The way I’ve thought about abortion over the years as a preacher—and I’m mainly a preacher, one who has to speak about abortion in the context of worship from the Bible—is to relate it to God. We always devote one Sunday (the Sanctity of Life Sunday) to abortion and one Sunday to racial harmony every year.
In fact, the Martin Luther King Sunday and the Sanctity of Life Sunday in American life come back to back. And I regard that as a wonderful providence, because usually the people that are passionate about racial diversity and racial harmony are not the same people that are passionate about abortion (and vice versa). But I want a church where everybody is passionate about both. So to preach on them back to back is really important.

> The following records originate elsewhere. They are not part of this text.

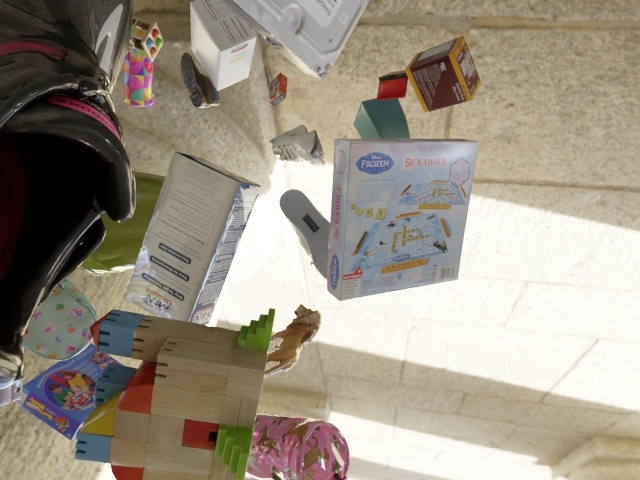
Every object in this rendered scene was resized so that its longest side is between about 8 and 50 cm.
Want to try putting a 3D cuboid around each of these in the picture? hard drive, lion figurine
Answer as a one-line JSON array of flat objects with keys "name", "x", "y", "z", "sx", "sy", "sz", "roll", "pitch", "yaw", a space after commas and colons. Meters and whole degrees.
[{"name": "hard drive", "x": 0.005, "y": -0.455, "z": 0.673, "sx": 0.064, "sy": 0.339, "sz": 0.237, "roll": 37, "pitch": -172, "yaw": 41}, {"name": "lion figurine", "x": -0.125, "y": 0.418, "z": 1.747, "sx": 0.240, "sy": 0.392, "sz": 0.142, "roll": -22, "pitch": 112, "yaw": 21}]

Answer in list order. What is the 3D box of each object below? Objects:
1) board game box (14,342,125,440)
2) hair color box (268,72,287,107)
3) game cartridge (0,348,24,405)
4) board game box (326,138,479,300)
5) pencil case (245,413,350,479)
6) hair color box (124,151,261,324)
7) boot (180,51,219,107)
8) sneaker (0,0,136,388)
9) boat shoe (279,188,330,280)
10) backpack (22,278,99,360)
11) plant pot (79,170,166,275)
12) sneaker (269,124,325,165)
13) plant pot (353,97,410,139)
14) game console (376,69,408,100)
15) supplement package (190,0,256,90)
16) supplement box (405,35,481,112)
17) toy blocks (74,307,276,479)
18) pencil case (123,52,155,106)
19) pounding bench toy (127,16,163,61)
[{"name": "board game box", "x": -0.882, "y": 0.535, "z": 1.646, "sx": 0.233, "sy": 0.347, "sz": 0.078, "roll": 35, "pitch": 104, "yaw": 0}, {"name": "hair color box", "x": -0.178, "y": -0.634, "z": 1.882, "sx": 0.043, "sy": 0.141, "sz": 0.072, "roll": 28, "pitch": 134, "yaw": -33}, {"name": "game cartridge", "x": -0.909, "y": 0.284, "z": 1.202, "sx": 0.068, "sy": 0.355, "sz": 0.230, "roll": 2, "pitch": 180, "yaw": 11}, {"name": "board game box", "x": 0.171, "y": -0.051, "z": 0.937, "sx": 0.318, "sy": 0.066, "sz": 0.318, "roll": -6, "pitch": 110, "yaw": -27}, {"name": "pencil case", "x": -0.117, "y": 0.483, "z": 1.022, "sx": 0.386, "sy": 0.160, "sz": 0.167, "roll": -16, "pitch": 140, "yaw": 41}, {"name": "hair color box", "x": -0.280, "y": 0.004, "z": 0.981, "sx": 0.173, "sy": 0.347, "sz": 0.105, "roll": 26, "pitch": -170, "yaw": 16}, {"name": "boot", "x": -0.475, "y": -0.628, "z": 1.769, "sx": 0.082, "sy": 0.106, "sz": 0.219, "roll": -14, "pitch": 93, "yaw": 39}, {"name": "sneaker", "x": -0.239, "y": -0.088, "z": 0.389, "sx": 0.202, "sy": 0.483, "sz": 0.185, "roll": -1, "pitch": 151, "yaw": 9}, {"name": "boat shoe", "x": -0.008, "y": 0.004, "z": 1.471, "sx": 0.367, "sy": 0.135, "sz": 0.156, "roll": 51, "pitch": 176, "yaw": 16}, {"name": "backpack", "x": -0.472, "y": 0.125, "z": 0.758, "sx": 0.182, "sy": 0.152, "sz": 0.115, "roll": 47, "pitch": 165, "yaw": -29}, {"name": "plant pot", "x": -0.572, "y": -0.071, "z": 1.466, "sx": 0.352, "sy": 0.367, "sz": 0.366, "roll": -2, "pitch": 141, "yaw": 12}, {"name": "sneaker", "x": -0.070, "y": -0.267, "z": 1.329, "sx": 0.129, "sy": 0.297, "sz": 0.111, "roll": -19, "pitch": 112, "yaw": -10}, {"name": "plant pot", "x": 0.273, "y": -0.461, "z": 1.896, "sx": 0.165, "sy": 0.234, "sz": 0.166, "roll": -18, "pitch": 164, "yaw": -15}, {"name": "game console", "x": 0.303, "y": -0.612, "z": 1.754, "sx": 0.144, "sy": 0.124, "sz": 0.085, "roll": 13, "pitch": 127, "yaw": 46}, {"name": "supplement package", "x": -0.362, "y": -0.721, "z": 1.636, "sx": 0.204, "sy": 0.145, "sz": 0.262, "roll": 58, "pitch": 162, "yaw": 2}, {"name": "supplement box", "x": 0.454, "y": -0.605, "z": 1.650, "sx": 0.194, "sy": 0.129, "sz": 0.191, "roll": -5, "pitch": 132, "yaw": 42}, {"name": "toy blocks", "x": -0.231, "y": 0.270, "z": 0.675, "sx": 0.260, "sy": 0.191, "sz": 0.382, "roll": 11, "pitch": 107, "yaw": -5}, {"name": "pencil case", "x": -0.600, "y": -0.562, "z": 1.478, "sx": 0.104, "sy": 0.104, "sz": 0.236, "roll": 13, "pitch": 122, "yaw": -1}, {"name": "pounding bench toy", "x": -0.330, "y": -0.368, "z": 0.838, "sx": 0.065, "sy": 0.052, "sz": 0.083, "roll": 20, "pitch": 163, "yaw": 3}]

That they are both God issues is what I want to say year after year after year.
Abortion is a God issue, and I think the first way you see that is in Psalm 139 where it says “I am fearfully and wonderfully made” (verse 14). And the language that is used is that a baby is knit together in its mother’s womb. Well who’s the knitter? The knitter is not nature. The knitter is God, which means that what’s happening in a woman’s tummy is that God is at work. God is making a human being.
Now, you don’t mess with that. You just don’t get in God’s face and say, “Let me at it! I’m going to take it out! I’m going to chop it into pieces.” You don’t do that.
And you don’t do it for God’s sake. God gives, God takes away, God makes babies. We don’t make babies. We put the pieces together through sexual relations and God causes a being that never was and now is and always will be to come into being.